[Records from a collection]
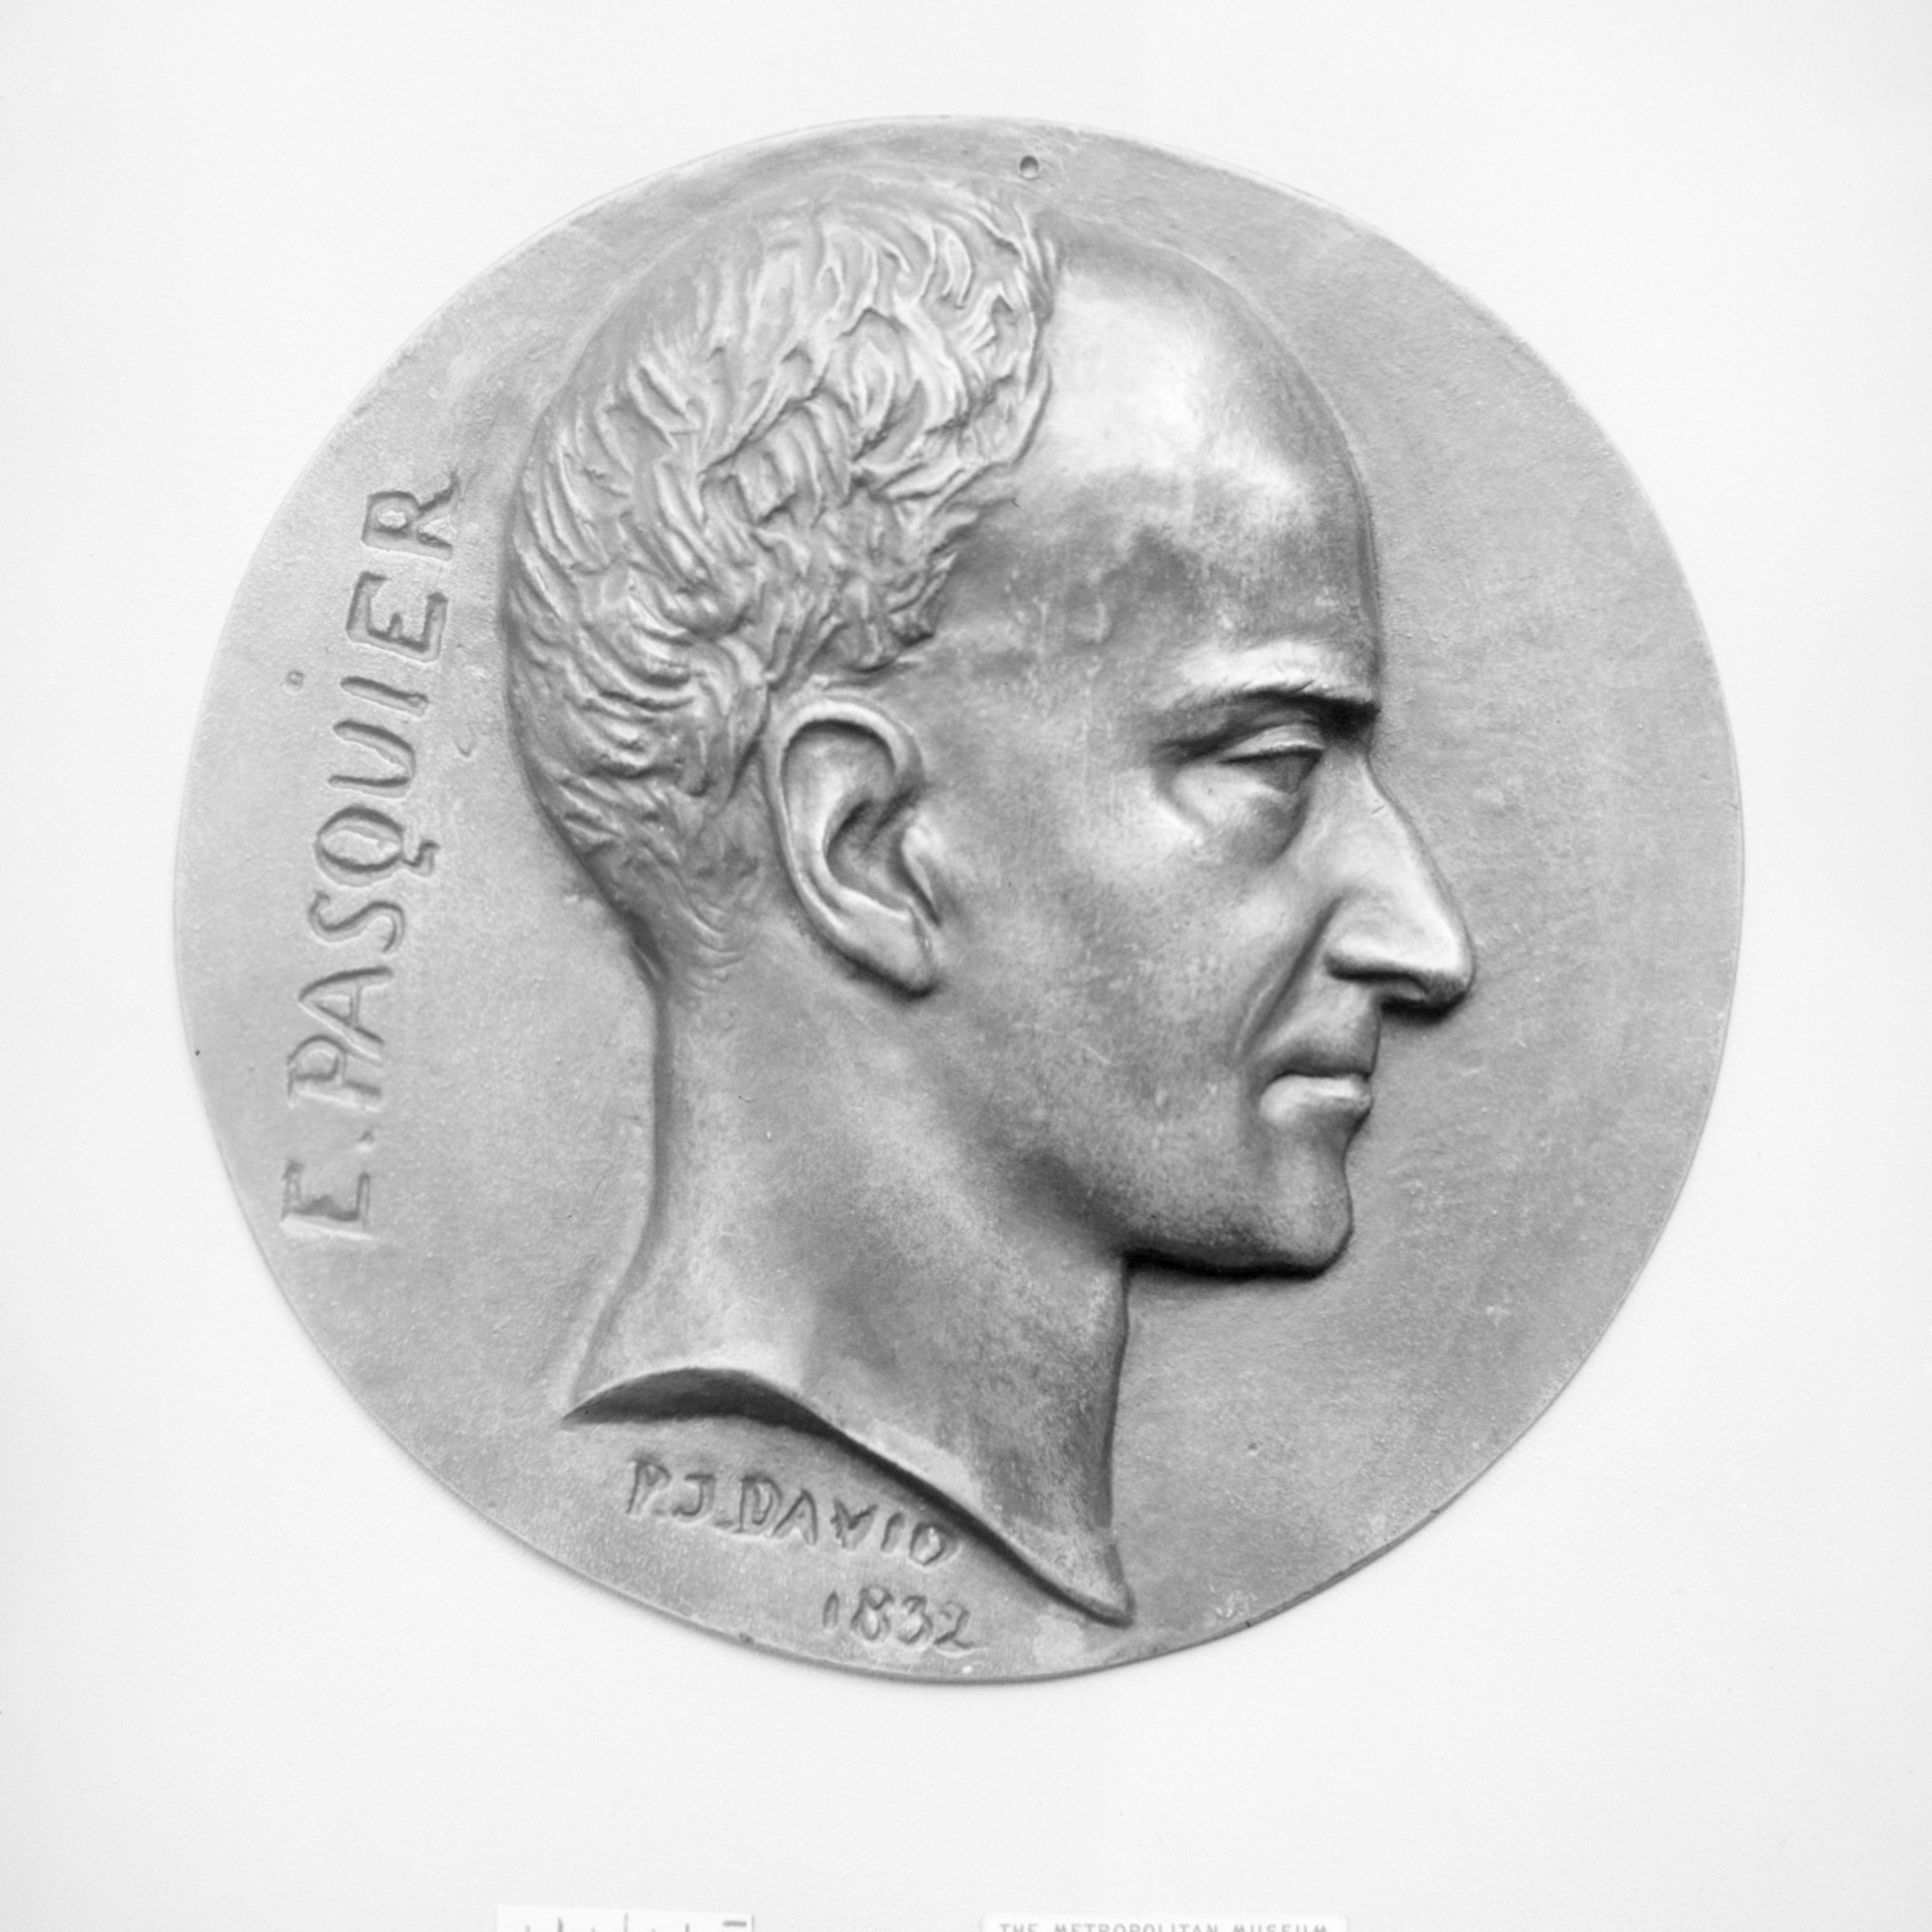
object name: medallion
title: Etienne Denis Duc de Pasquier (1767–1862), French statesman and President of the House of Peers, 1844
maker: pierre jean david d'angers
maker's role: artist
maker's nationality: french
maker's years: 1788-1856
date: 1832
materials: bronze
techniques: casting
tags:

### Exercise instructions:
Exact copy, no pictures: set down all the entries again as they stand.

### Response:
object name: medallion
title: Etienne Denis Duc de Pasquier (1767–1862), French statesman and President of the House of Peers, 1844
maker: pierre jean david d'angers
maker's role: artist
maker's nationality: french
maker's years: 1788-1856
date: 1832
materials: bronze
techniques: casting
tags:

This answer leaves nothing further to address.